A second method of implementation of the invention's switching device is shown in FIG. 6. In this Figure, the items which are identical to those in FIG. 5 carry the same reference numbers. The essential difference with the system in FIG. 5 consists of the fact that there is no provision for a generator for a particular signal connected to one of the data inputs of the multiplexer, and by the fact that the characteristic sequence introduced during switching is a constant logic state resulting from a command impulse applied to the chip selection input of the multiplexer (2).
In this method of implementation, the signal delivered by the address decoder (22) to select the register (18) is also applied to the selection input of the multiplexer (2), in order to de-select the multiplexer and force its entry into a determined state. The signal applied to the selection input of the multiplexer (2) has a length at least equal to 1.5 times the length of a bit.

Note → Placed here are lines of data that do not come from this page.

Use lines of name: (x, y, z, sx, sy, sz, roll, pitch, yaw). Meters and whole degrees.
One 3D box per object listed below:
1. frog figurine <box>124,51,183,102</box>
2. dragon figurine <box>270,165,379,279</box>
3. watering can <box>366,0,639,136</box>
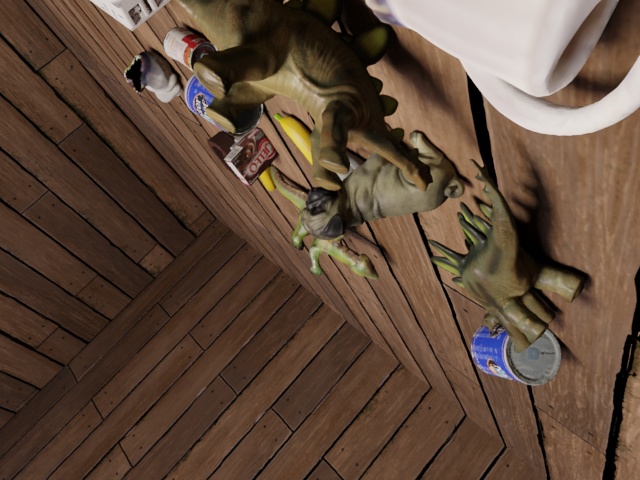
frog figurine: (-0.431, -0.439, 1.401, 0.138, 0.122, 0.159, 23, -166, 38)
dragon figurine: (0.004, -0.063, 1.260, 0.413, 0.123, 0.238, 56, 151, 9)
watering can: (0.122, -0.192, 0.305, 0.227, 0.105, 0.341, 39, 169, 25)

The length of this impulse may be obtained by any appropriate means, such as, for example, proper disposition of the ACK discharge line of the address decoder (22).
The resultant signal, SR produced in accordance with the invention, by switching between the two digital signals S1 and S2, is shown in FIG. 7.
This SR signal has a particular sequence, SP, inserted between the S1 digital signal and the S2 digital signal. This signal is received by a receiver, which may be included in the UER/AES studio interface, and which is designed in a conventional manner so that it can detect in the appropriate way the transmission and/or code violation errors, and in particular the SP sequence, and so that it can provide appropriate processing of the data received.